** Directions **
Everything from the line containing "picture [63, 144, 68, 165]" through the final line of the records must be transcribed verbatim; nothing else belongs in the result.

[Extracted data]

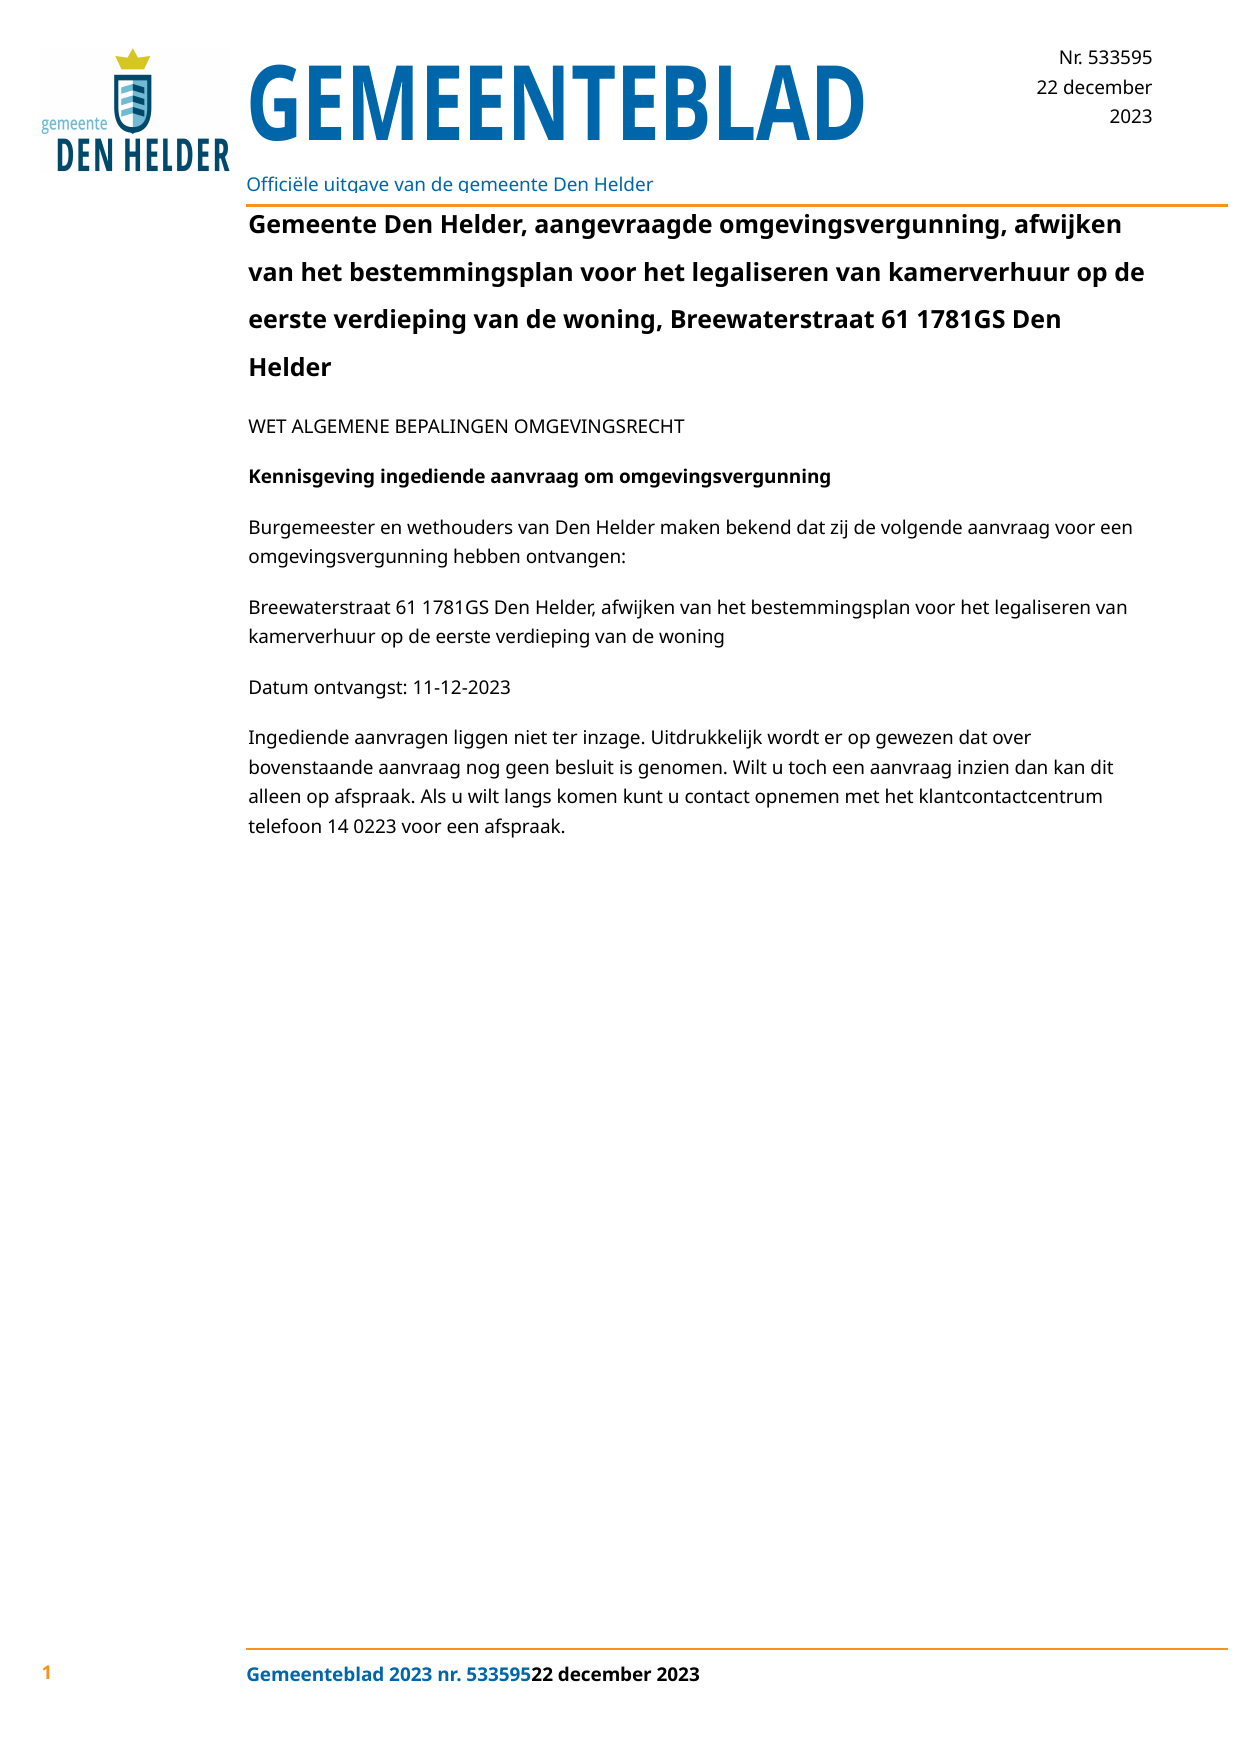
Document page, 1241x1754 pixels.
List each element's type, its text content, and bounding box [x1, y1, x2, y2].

picture [182, 144, 187, 165]
picture [220, 160, 224, 172]
picture [130, 157, 135, 172]
text Ingediende aanvragen liggen niet ter inzage. Uitdrukkelijk wordt er op gewezen dat over bovenstaande aanvraag nog geen besluit is genomen. Wilt u toch een aanvraag inzien dan kan dit alleen op afspraak. Als u wilt langs komen kunt u contact opnemen met het klantcontactcentrum telefoon 14 0223 voor een afspraak. [248, 724, 1152, 839]
text Gemeente Den Helder, aangevraagde omgevingsvergunning, afwijken van het bestemmingsplan voor het legaliseren van kamerverhuur op de eerste verdieping van de woning, Breewaterstraat 61 1781GS Den Helder [248, 207, 1152, 384]
picture [63, 144, 68, 165]
text Burgemeester en wethouders van Den Helder maken bekend dat zij de volgende aanvraag voor een omgevingsvergunning hebben ontvangen: [248, 514, 1152, 569]
text WET ALGEMENE BEPALINGEN OMGEVINGSRECHT [248, 413, 1152, 439]
text Breewaterstraat 61 1781GS Den Helder, afwijken van het bestemmingsplan voor het legaliseren van kamerverhuur op de eerste verdieping van de woning [248, 594, 1152, 649]
picture [41, 47, 231, 172]
text Datum ontvangst: 11-12-2023 [248, 674, 1152, 700]
text Kennisgeving ingediende aanvraag om omgevingsvergunning [248, 463, 1152, 489]
picture [100, 154, 106, 172]

[/Extracted data]

** Task answer **
picture [63, 144, 68, 165]
text Burgemeester en wethouders van Den Helder maken bekend dat zij de volgende aanvraag voor een omgevingsvergunning hebben ontvangen: [248, 514, 1152, 569]
text WET ALGEMENE BEPALINGEN OMGEVINGSRECHT [248, 413, 1152, 439]
text Breewaterstraat 61 1781GS Den Helder, afwijken van het bestemmingsplan voor het legaliseren van kamerverhuur op de eerste verdieping van de woning [248, 594, 1152, 649]
picture [41, 47, 231, 172]
text Datum ontvangst: 11-12-2023 [248, 674, 1152, 700]
text Kennisgeving ingediende aanvraag om omgevingsvergunning [248, 463, 1152, 489]
picture [100, 154, 106, 172]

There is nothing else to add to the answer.